Tabi ne iktidar, ne de üretilmiş muhalefet (yenisiyle eskisiyle, iyisiyle kötüsüyle), yukarıda sıralamış olduğum kurucu ilkelere sahip olmadı / olamaz. Çünkü mevcut ana akım partilerin varlık nedeni, buhran içerisinde olan toplumsal sistemdir. Daha farklı bir ifadeyle, mevcut partilerin siyasi varlığı, Batı’ya tek yanlı bağımlı olan sistemin devamlılığına bağlıdır. Son aylarda özellikle NATO’ya sadakat yemini eden siyasi partilerin parlamasını da, sistemin mevcut zemini doğrultusunda yorumlamak gerekiyor.
Resim

Buhran Dönemlerinin Teşkilatları ve İdeolojisi

Siyasi teşkilatlanmalar (partiler, dernekler, STK’lar), toplumsal, ulusal amaca ulaşmak için birer araçtır. Yani, ulusal hedefler doğrultusunda şekillenen, biçim alan yapılardır siyasi teşkilatlar. Siyasi örgütlenme toplumun / ulusun temel çıkarları doğrultusunda, nesnel zorunluluğun doğurduğu bir sonuç olarak, toplumsal koşulların öne çıkardığı kanaat önderlerinin devreye girmesiyle, tabandan tavana – yerelden genele doğru olan bir düzlemde oluşturulan bir gerçeklik zemininde ortaya çıkar. Bu nesnel zemine bağlı olarak da doğru bir siyasi programla kendi seçeneğini ortaya koyar. Küresel ve bölgesel ilişkilerin aldığı son şekli göz önünde bulunduran ama koşullara teslim olmaktan ziyade kendi ulusal dinamiklerimizi öne çıkaran; süreci doğru değerlendiren, doğru bir program etrafında, asgari müşterekte Türk ulusunu birleştiren bir ölçekte oluşan ve olgunlaşan bir teşkilatın başarısız olma ihtimali yoktur. Yazılarımı takip eden okur, bu modelin Müdafaa-i Hukuk teşkilatlanmasının bir örneği olduğunu anlayacaktır.

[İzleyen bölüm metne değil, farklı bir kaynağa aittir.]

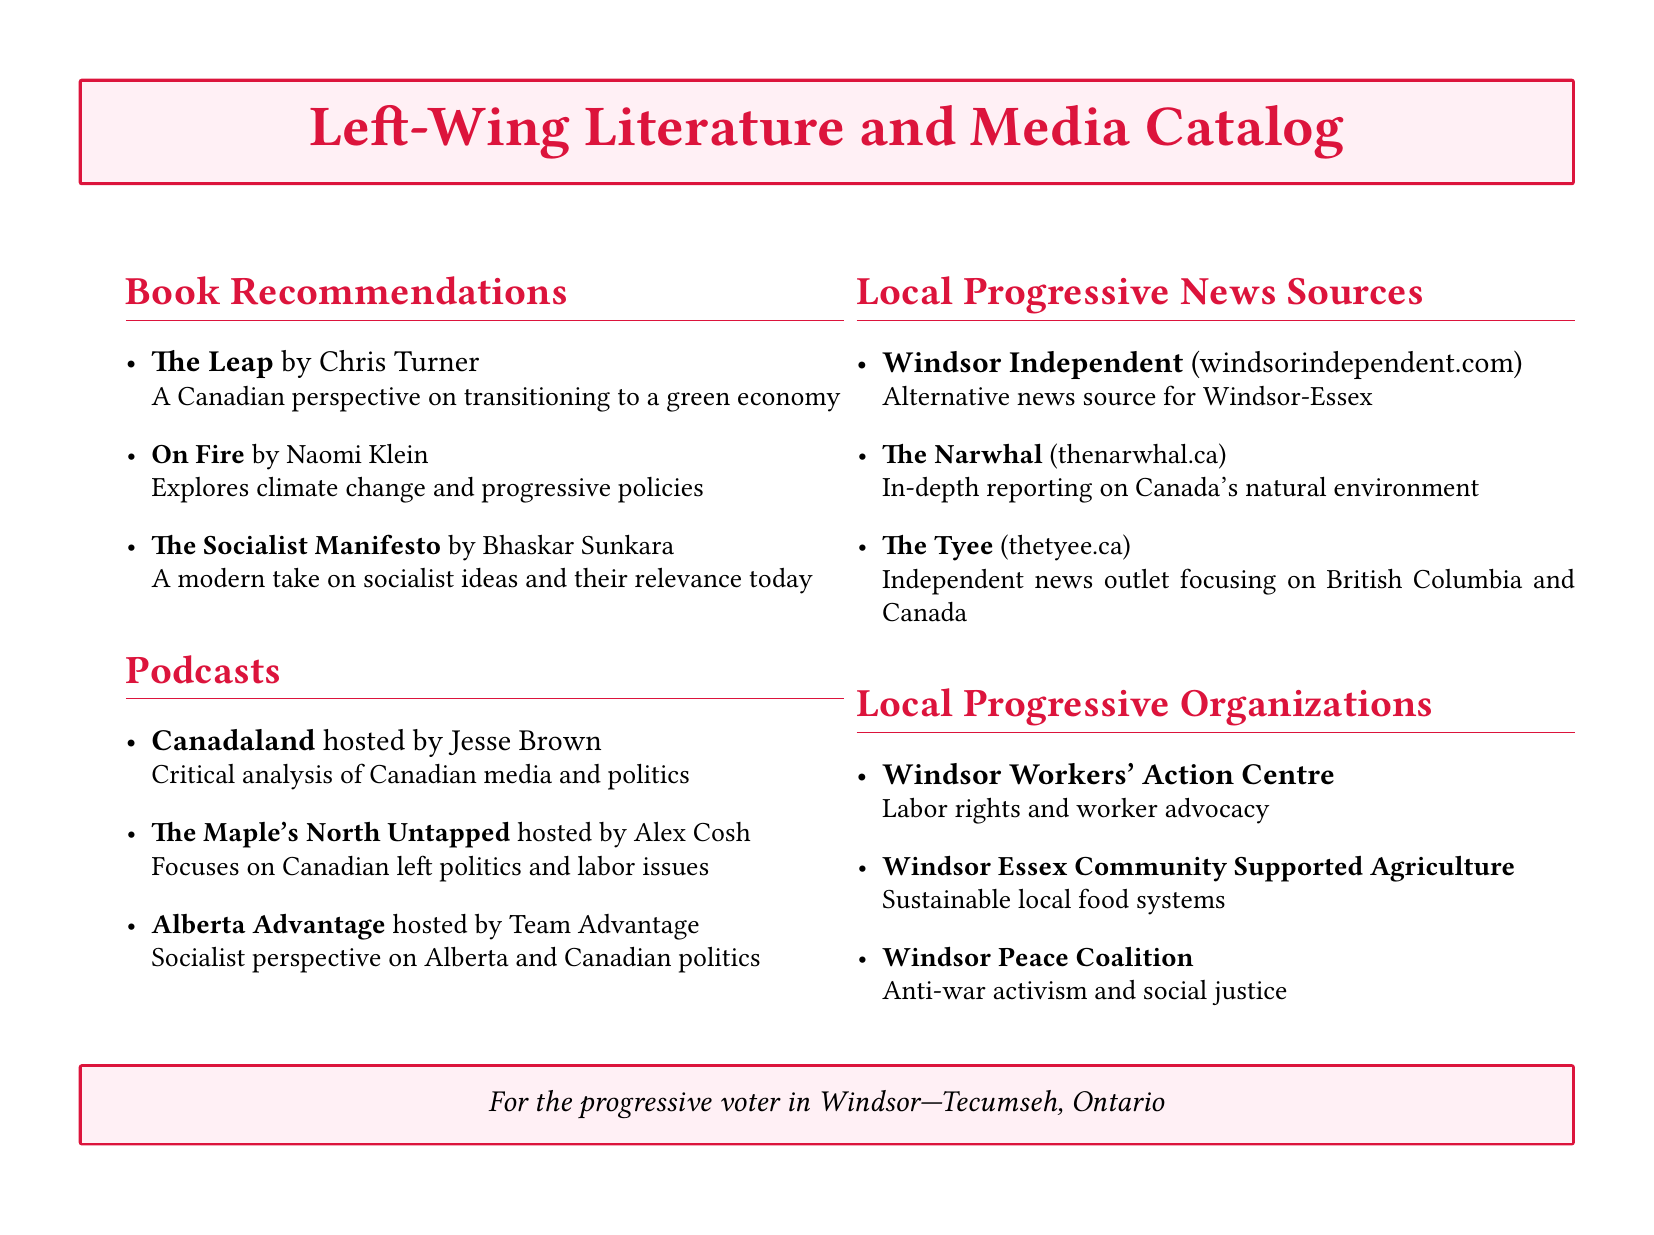What is the title of Naomi Klein's book? The document mentions "On Fire" by Naomi Klein as a book recommendation.
Answer: On Fire Who hosts the podcast "Canadaland"? The document states that "Canadaland" is hosted by Jesse Brown.
Answer: Jesse Brown What is the focus of "The Maple's North Untapped"? The document describes "The Maple's North Untapped" as focusing on Canadian left politics and labor issues.
Answer: Canadian left politics and labor issues Name one local progressive news source listed. The document lists several sources, and one example is the "Windsor Independent."
Answer: Windsor Independent What is the purpose of the Windsor Workers' Action Centre? The document explains that the Windsor Workers' Action Centre focuses on labor rights and worker advocacy.
Answer: Labor rights and worker advocacy How many book recommendations are provided in the catalog? The document lists three book recommendations in the "Book Recommendations" section.
Answer: 3 What type of activism does the Windsor Peace Coalition focus on? The document states that the Windsor Peace Coalition is focused on anti-war activism and social justice.
Answer: Anti-war activism and social justice Which organization promotes sustainable local food systems? According to the document, the Windsor Essex Community Supported Agriculture promotes sustainable local food systems.
Answer: Windsor Essex Community Supported Agriculture 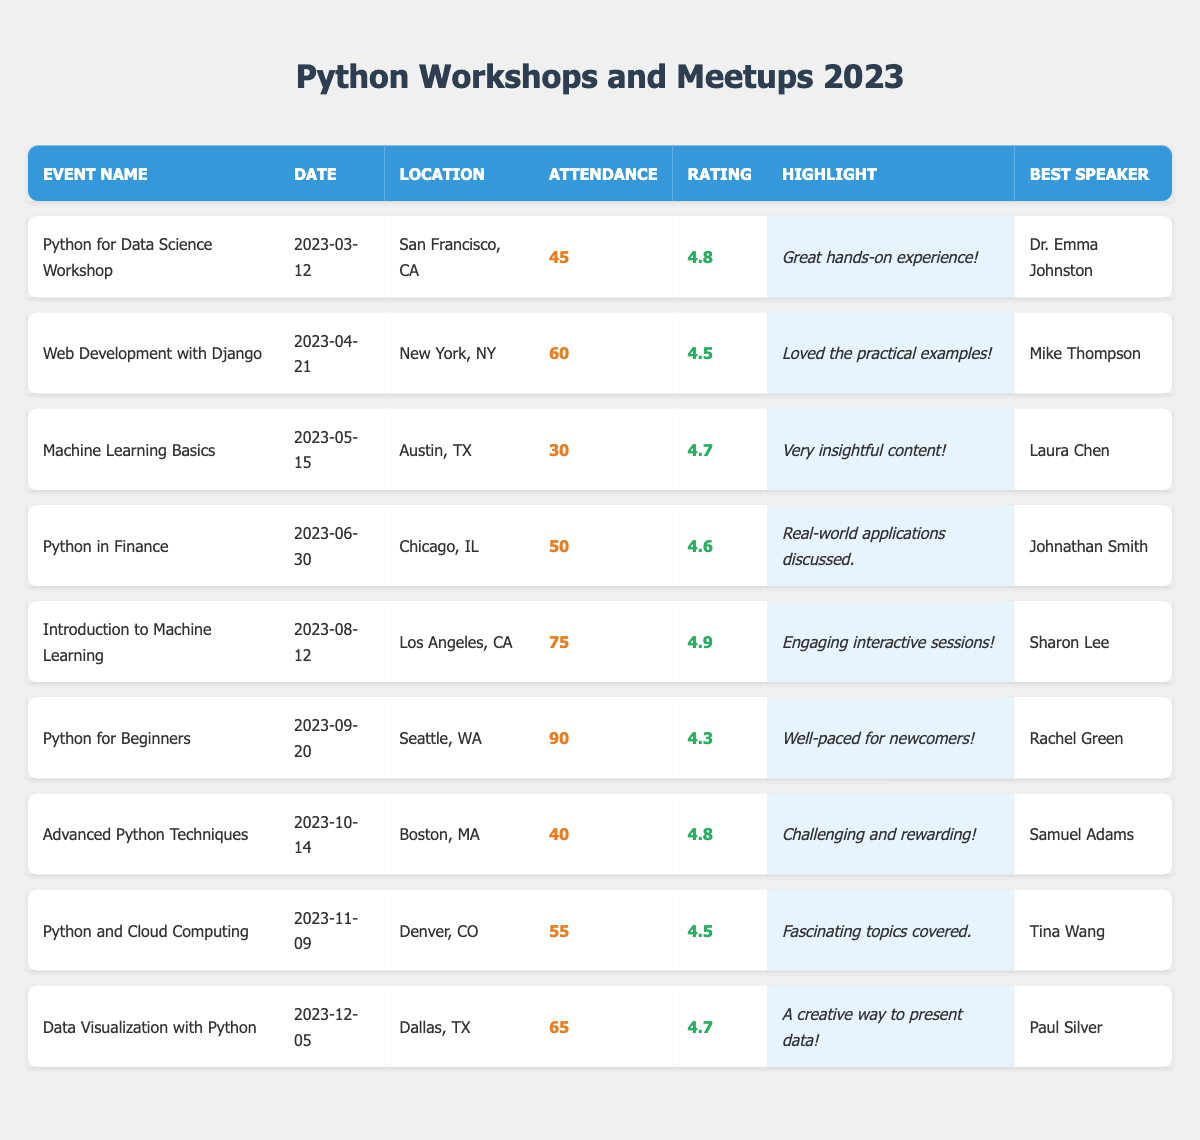What is the date of the "Python for Beginners" event? The date for the "Python for Beginners" event is listed directly in the table under the "Date" column corresponding to that event.
Answer: 2023-09-20 Which event had the highest attendance in 2023? By reviewing the attendance figures listed in the "Attendance" column, "Python for Beginners" shows the highest attendance of 90 people.
Answer: Python for Beginners What is the feedback rating for the "Introduction to Machine Learning" workshop? The feedback rating can be found in the "Rating" column for the "Introduction to Machine Learning" event, which shows a rating of 4.9.
Answer: 4.9 How many events had an attendance of more than 50? By counting the events listed in the "Attendance" column, there are 4 events with attendance above 50, specifically "Web Development with Django," "Introduction to Machine Learning," "Python for Beginners," and "Data Visualization with Python."
Answer: 4 Is there any event that received a feedback rating of 4.5 or lower? Looking at the "Rating" column, "Python for Beginners" has a rating of 4.3, which is indeed 4.5 or lower, confirming that such an event exists.
Answer: Yes What was the average attendance for all the workshops listed? To find the average, sum the attendances of all events (45 + 60 + 30 + 50 + 75 + 90 + 40 + 55 + 65 = 510) and divide by the total number of events (9), giving an average attendance of 510/9 = 56.67.
Answer: 56.67 Which event had the best feedback and who was the speaker? The event with the best feedback rating of 4.9 is "Introduction to Machine Learning," and the best speaker for that event was Sharon Lee, as indicated in the respective columns.
Answer: Introduction to Machine Learning, Sharon Lee What is the difference in attendance between the event with the most and the least attendance? The event with the highest attendance is "Python for Beginners" (90), and the least is "Machine Learning Basics" (30). The difference is 90 - 30 = 60.
Answer: 60 How many speakers received positive feedback based on the highlights of each workshop? Each highlighted feedback in the "Highlight" column is positive. Since each event features a unique speaker, all 9 speakers received positive feedback.
Answer: 9 Which city hosted the event with the lowest attendance? The event with the lowest attendance is "Machine Learning Basics" with 30 attendees, and it was held in Austin, TX, as shown in the "Location" column.
Answer: Austin, TX 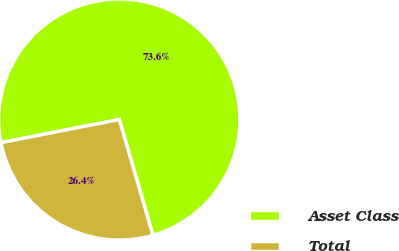<chart> <loc_0><loc_0><loc_500><loc_500><pie_chart><fcel>Asset Class<fcel>Total<nl><fcel>73.56%<fcel>26.44%<nl></chart> 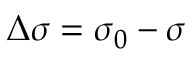Convert formula to latex. <formula><loc_0><loc_0><loc_500><loc_500>\Delta \sigma = \sigma _ { 0 } - \sigma</formula>

Partiler üstü bir birliği öneren Atatürkçü – Milliyetçi birey ve çevrelere “Somut öneri sunmuyorsunuz” suçlamasıyla saldıran, ama tek somut öneri olarak “oy vermeyi” salık veren; araç olan partileri – teşkilatları AMAÇ haline getirerek parti fetişizmi yapan çevreler bu önerimizi soyut bulabilirler. Aslında Türk Devrimi programının ve bu programın vücut bulmuş hali olan Müdafaa-i Hukuk modelinin somut bir öneri ve örgütlenme yöntemi olduğunu kendileri de pekâlâ bilmektedirler. Ancak, bizim önerimizin “İdare- i Maslahat etmek” dışında, uzun vadeli, çetin bir mücadele sürecini gerektiren ve sistemin dışında bir öneri olması onların mevcut konumlanmalarını sarsacağından olsa gerek, “Somut öneri sunmuyorsunuz” suçlaması, bizim için sadece bir mazeret teorisi olmaktadır.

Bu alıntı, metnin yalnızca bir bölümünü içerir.